At the level of the underlying physical computer, if the applications (processes) being executed overtax the processing resources, the CPU may get behind. External events will occur regardless the load on the CPU. External events will generate interrupts. Interrupt handlers will try to process them and post their results. And, the computer’s operating system will attempt to keep all of the processing “balls” in the air. If it becomes too overloaded, some processing simply won’t happen fast enough. Interrupts will be missed or their results will occur in the wrong places. The operating system and the processes running on the CPU will get out of sync and the system will likely crash.
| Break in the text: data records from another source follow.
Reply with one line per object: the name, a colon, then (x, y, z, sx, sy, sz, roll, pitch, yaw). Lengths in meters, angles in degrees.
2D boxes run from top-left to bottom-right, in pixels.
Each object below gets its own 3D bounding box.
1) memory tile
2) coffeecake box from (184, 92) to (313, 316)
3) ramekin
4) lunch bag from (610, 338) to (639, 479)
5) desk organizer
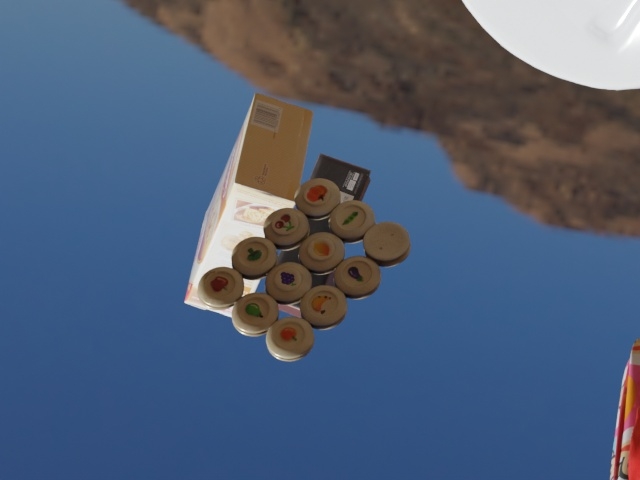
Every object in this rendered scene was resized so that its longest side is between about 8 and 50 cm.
memory tile: (-0.012, 0.020, 1.497, 0.113, 0.148, 0.012, 36, 157, 27)
coffeecake box: (-0.074, -0.034, 1.993, 0.068, 0.185, 0.142, 18, -136, -8)
ramekin: (0.221, -0.247, 1.449, 0.277, 0.277, 0.135, 16, -138, 23)
lunch bag: (0.307, 0.230, 1.653, 0.120, 0.293, 0.258, -2, 145, 21)
desk organizer: (0.000, 0.000, 1.611, 0.047, 0.130, 0.050, 19, 169, 12)
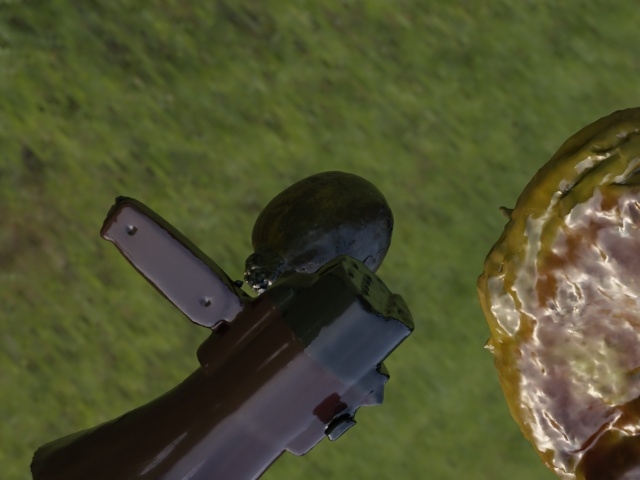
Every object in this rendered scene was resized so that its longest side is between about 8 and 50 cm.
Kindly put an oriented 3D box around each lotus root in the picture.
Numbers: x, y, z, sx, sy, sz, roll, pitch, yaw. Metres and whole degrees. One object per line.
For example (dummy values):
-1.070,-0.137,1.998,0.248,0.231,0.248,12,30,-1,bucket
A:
0.000,0.000,1.807,0.209,0.120,0.120,-35,163,-48,lotus root

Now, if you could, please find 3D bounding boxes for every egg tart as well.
0.272,0.045,1.215,0.153,0.339,0.351,-48,160,-55,egg tart

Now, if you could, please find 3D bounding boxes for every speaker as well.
-0.102,0.116,1.618,0.329,0.259,0.198,-49,160,11,speaker

Conversant made this catastrophic failure less likely to happen by distributing the processing between the main computer (as the central controller) and intelligent telephone peripheral cards.

Within the emulated voice computer, the decision to make all of the cooperating processing dependent on messages including timing messages meant that when the voice system became overloaded, the core processes simply got behind processing their message queues. If too many telephone channels simultaneously needed service, the core processes would get behind. Processing of message queues would bog down and the “flow” of the voice applications would get behind. The result might be aberrant behavior from the caller’s viewpoint (no speech got played and the caller heard a long pause, a message was interrupted mid-play so that an unexpected silence distorted a spoken message, a back end data access took an excessively long time, etc.) If the load condition was brief and transient, callers might simply experience an undesirable pause at some point. If the load was longer and more severe, callers might begin to find the interaction unacceptable and hang up. Although these were undesirable events, the voice computer didn’t “crash.” It would bog down but as conditions cleared, it could pick up and go on.

The inherent flexibility and stability of Conversant allowed it to handle many simultaneous channels. As the underlying computer platform became more powerful, the platform progressed from the low number of channels supported by Conversant 1 to more than a hundred channels in later releases such as Conversant versions 6, 7, and 8. However, there was always an interesting problem — telling an enterprise purchasing a Conversant a priori how many channels his or her Conversant could handle. There was never a simple answer. How many channels a given Conversant platform could reliably handle was always a function of the resources needed by the voice scripts that would be running, how many calls would be simultaneously active, and how quickly these calls came and went.